Accordingly, we vacate Brown’s life sentence and remand for resentencing consistent with USSG §§ 5Gl.l(a), 5G1.2(d) and White, 238 F.3d at 543. We affirm the judgment of conviction in all other respects. We dispense with oral argument because the facts and legal contentions are adequately presented in the materials before the court, and argument would not aid the decisional process.
AFFIRMED IN PART, VACATED IN PART, AND REMANDED.
. Apprendi v. New Jersey was decided on June 26, 2000. 530 U.S. 466, 120 S.Ct. 2348, 147 L.Ed.2d 435 (2000).
. Brown urges us to reconsider our decision in United States v. Kinter, 235 F.3d 192 (4th Cir.2000) (holding that Apprendi does not apply to judge's exercise of sentencing discretion within statutory range, so long as defendant’s sentence is not set beyond maximum term specified in substantive statute), cert. denied, 532 U.S. 937, 121 S.Ct. 1393, 149 L.Ed.2d 316 (2001).
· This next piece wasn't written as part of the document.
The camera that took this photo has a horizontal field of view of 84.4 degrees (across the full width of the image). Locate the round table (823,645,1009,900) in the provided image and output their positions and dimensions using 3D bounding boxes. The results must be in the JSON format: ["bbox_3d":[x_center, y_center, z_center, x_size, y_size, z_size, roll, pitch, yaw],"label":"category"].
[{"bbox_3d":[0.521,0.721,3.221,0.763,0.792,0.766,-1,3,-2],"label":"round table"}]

We decline to do so because "a panel of this court cannot overrule, explicitly or implicitly, the precedent set by a prior panel of this court[;][o]nly the Supreme Court or this court sitting en banc can do that.” Mentavlos r. Anderson, 249 F.3d 301, 312 n. 4 (4th Cir.), cert. denied,U.S. -, 122 S.Ct. 349, 151 L.Ed.2d 264 (2001).
. The sentencing guideline sentencing table provides that a base level offense of 43 carries life imprisonment. USSG Ch. 5, Pt. A (sentencing table).
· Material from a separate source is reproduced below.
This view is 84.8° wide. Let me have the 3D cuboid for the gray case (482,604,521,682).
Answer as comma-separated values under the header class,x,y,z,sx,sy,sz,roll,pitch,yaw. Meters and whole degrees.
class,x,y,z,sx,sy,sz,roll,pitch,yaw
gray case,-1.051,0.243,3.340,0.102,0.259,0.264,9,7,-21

. 21 U.S.C. § 846 requires the same penalty as that prescribed for the underlying offense, the commission of which was the object of the conspiracy. Since no drug amount was alleged in the indictment or presented to the jury for any count, the maximum allowable sentence is 20 years.
. We agree with the Seventh Circuit which recently addressed this guideline provision in United. States v. Westmoreland, 240 F.3d 618, 636 (7th Cir.2001). The court stated, “it is not possible to apply the cross-reference in a manner that produces a sentence greater than the statutory maximum applicable to the charged crime____Therefore, even though the murder cross-reference will always allow for a life sentence, the Guidelines require that the cross-reference only increase the defendant’s sentence at most to the statutory maximum associated with the charge on which the defendant was convicted.” 240 F.3d at 636.